I didn't bother to enable authentication knowing that I'm on a LAN with only my virtual machines. I don't consider my Loki as a sensitive point in my infra.

After only 2-3 minutes of configuration, our Loki is already available!

We can now add it as datasource on our Grafana: Add loki as datasource

(I use localhost because the grafana machine also hosts the Loki)

Grafana may have a bit of a problem because our Loki database is empty.

Promtail Section

Promtail is the agent that will allow us to send our logs to Loki, I wrote a rather simple Ansible role allowing me to install our agent on many machines by monitoring the logs from Docker, varlog and syslog.

Here is my Jinja2 template about my configuration:

server:
http_listen_port: 9080
grpc_listen_port: 0

positions:
filename: /tmp/positions.yaml

clients:
{% if loki_url is defined %}
- url: {{ loki_url }}
{% endif %}


scrape_configs:


- job_name: authlog
static_configs:
- targets:
- localhost
labels:
{% if ansible_hostname is defined %}
host: {{ ansible_hostname }}
{% endif %}
job: authlog
__path__: /var/log/auth.log


- job_name: syslog
static_configs:
- targets:
- localhost
labels:
{% if ansible_hostname is defined %}
host: {{ ansible_hostname }}
{% endif %}
job: syslog
__path__: /var/log/syslog

- job_name: Containers
static_configs:
- targets:
- localhost
labels:
{% if ansible_hostname is defined %}
host: {{ ansible_hostname }}
{% endif %}
job: containerslogs
__path__: /var/lib/docker/containers/*/*-json.log

- job_name: DaemonLog
static_configs:
- targets:
- localhost
labels:
{% if ansible_hostname is defined %}
host: {{ ansible_hostname }}
{% endif %}
job: daemon
__path__: /var/log/daemon.log

If you are not comfortable with Jinja2 templates, you will find a "pure" version of the config here

You can of course adapt this template to your needs.

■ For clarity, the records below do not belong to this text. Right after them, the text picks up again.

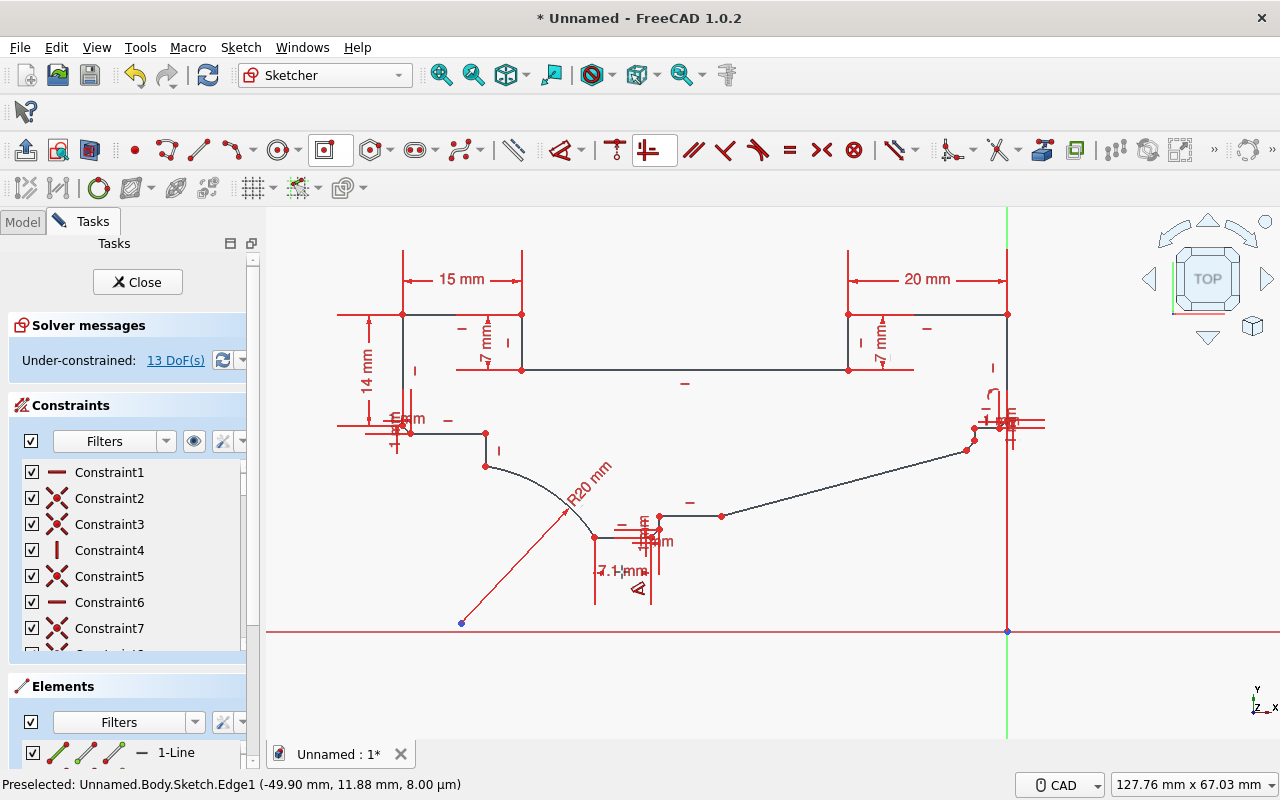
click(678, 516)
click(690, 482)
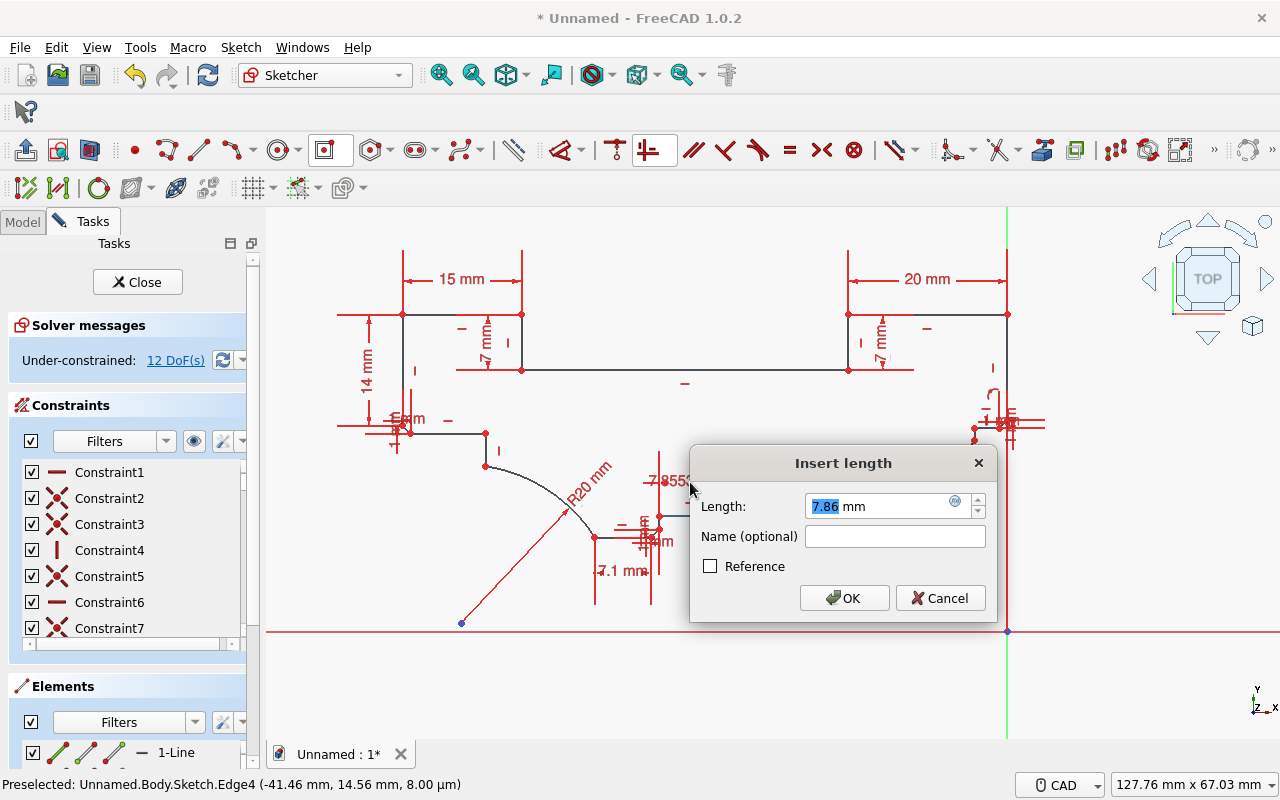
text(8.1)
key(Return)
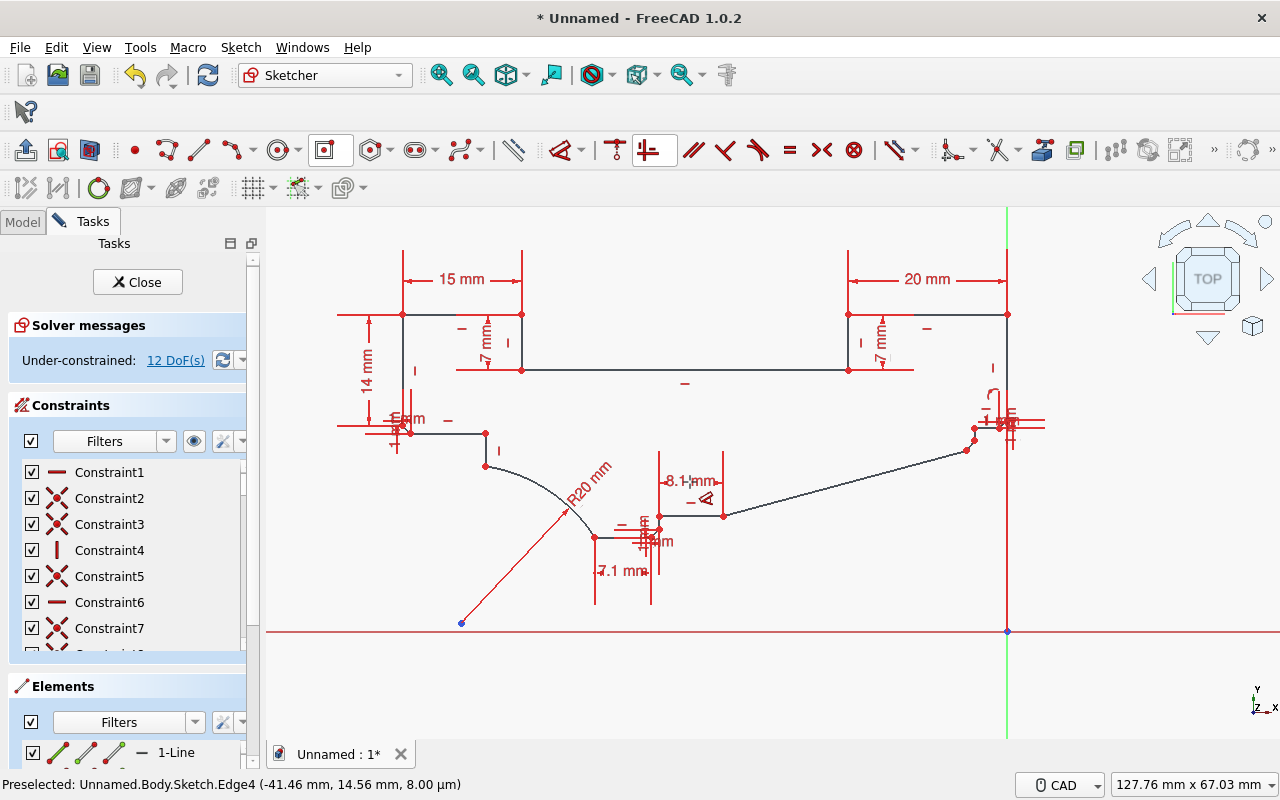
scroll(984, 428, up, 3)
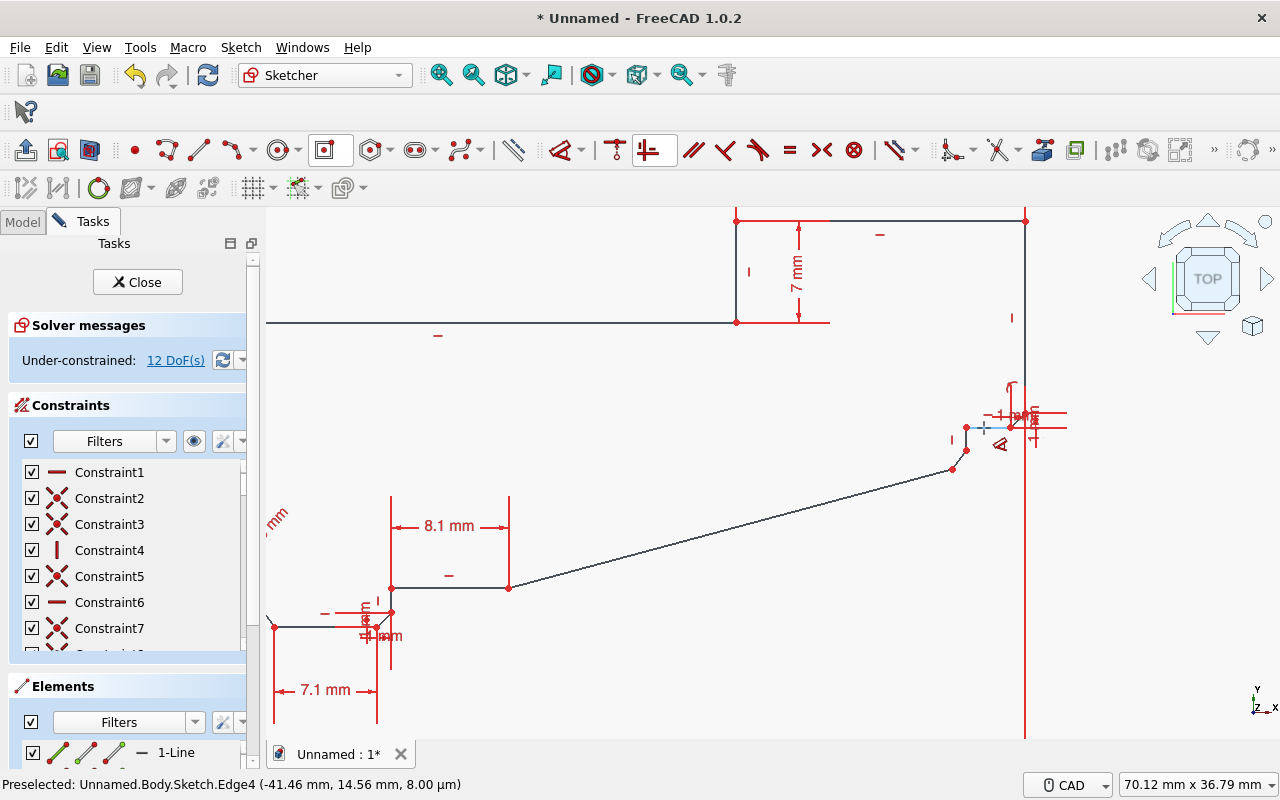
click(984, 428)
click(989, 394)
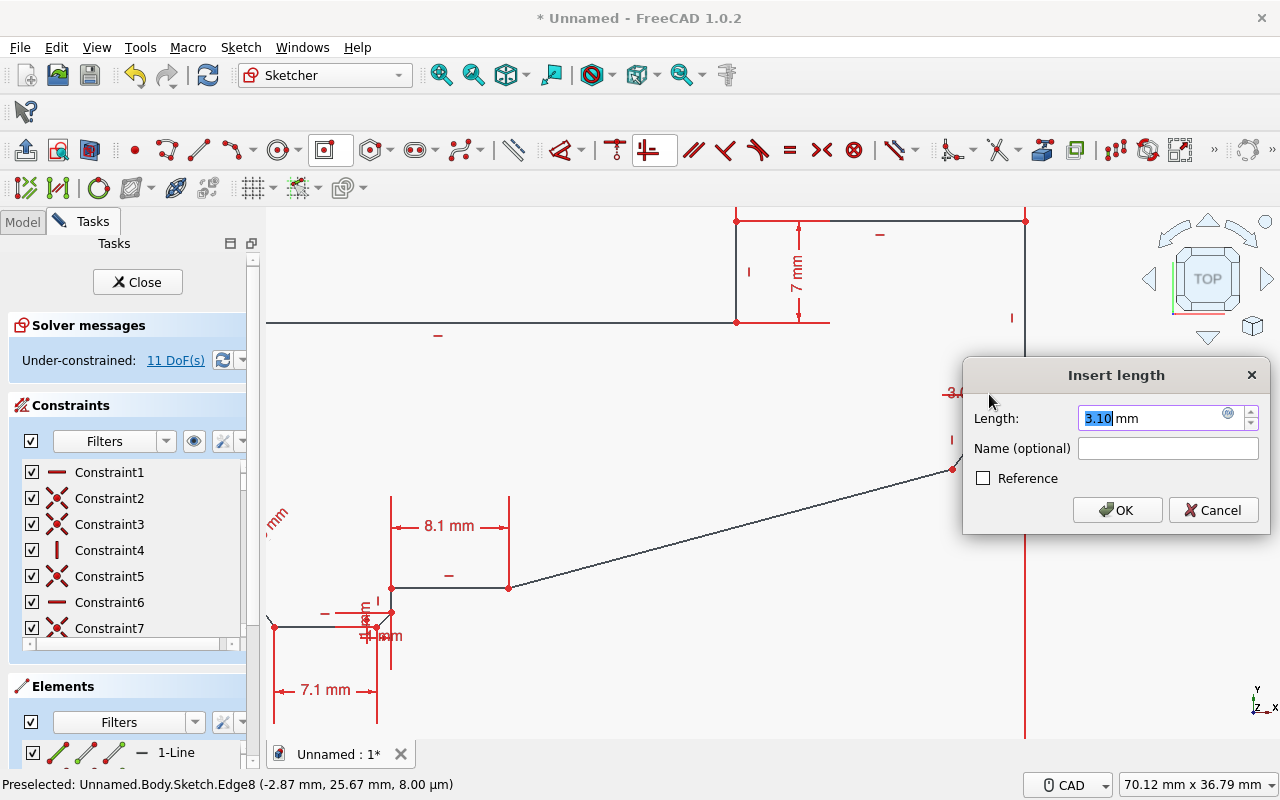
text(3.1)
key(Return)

My first idea is to have a "base" that I can put on each machine (also knowing that if no log is available, as for Docker, Promtail will not cause an error by not finding the files)

Once Promtail is configured, it can be started via the executable directly:

/opt/promtail/promtail -config.file /opt/promtail/promtail-local-config.yaml

or via systemd (automatic if you go through my playbook): 'systemctl start promtail'

Once this agent is everywhere, we're going to have fun on Grafana!

Request Loki from Grafana

We're going to do something rather counterintuitive. We're not going to start with a Dashboard. we'll test our requests first! Don't swear, I swear it's the most fun part!

On Grafana, we have an "Explore" tab. This will give us access to Loki by writing requests, these are quite simple, and especially by using the "click-o-drome" tool by unfolding the Log Browser Grafana explore tab

With the template I gave you, you will have 4 jobs:

  • daemon
  • authlog
  • syslog
  • containersjobs

These jobs sort the logs, we'll test that together. So we will select the machine "Ansible", then ask for the job "authlog". I first click Ansible, then Authlog. Grafana will offer me exactly if I want to choose a specific file. If we don't specify a file(filename) Grafana will take all files (so it doesn't matter if we only have one file)

(you will notice later that as soon as we make our 1st selection, grafana will hide jobs/host/file that do not concern our start of request)

Filter

By validating our request (*button show logs*)

Show authlog of a machine

So we have the result of the query to Loki in the time lapse configured in Grafana (1h for me). My authlog is not very interesting, and my syslog is polluted by many not very relevant messages.

So we'll start sorting our logs!

By clicking on the small "*?" above our request, we have a "cheatsheet" summarizing the basic functions of Loki. We discover how to do an exact search with|=, how to ignore lines with!=and how to use a regular expression with|~

I also share with you a slightly more complete cheatsheet that I found on a blog: here

Thus, we can directly obtain slightly more colorful logs that will allow us to target the essential!

Info,debug,error

(The idea is to target the nice logs with the colors that go with them)

Conclusion

If we often hear about the ELK suite, this is not a reason either to use it at any cost! Loki is a good alternative offering basic functionalities that will suffice for the most part.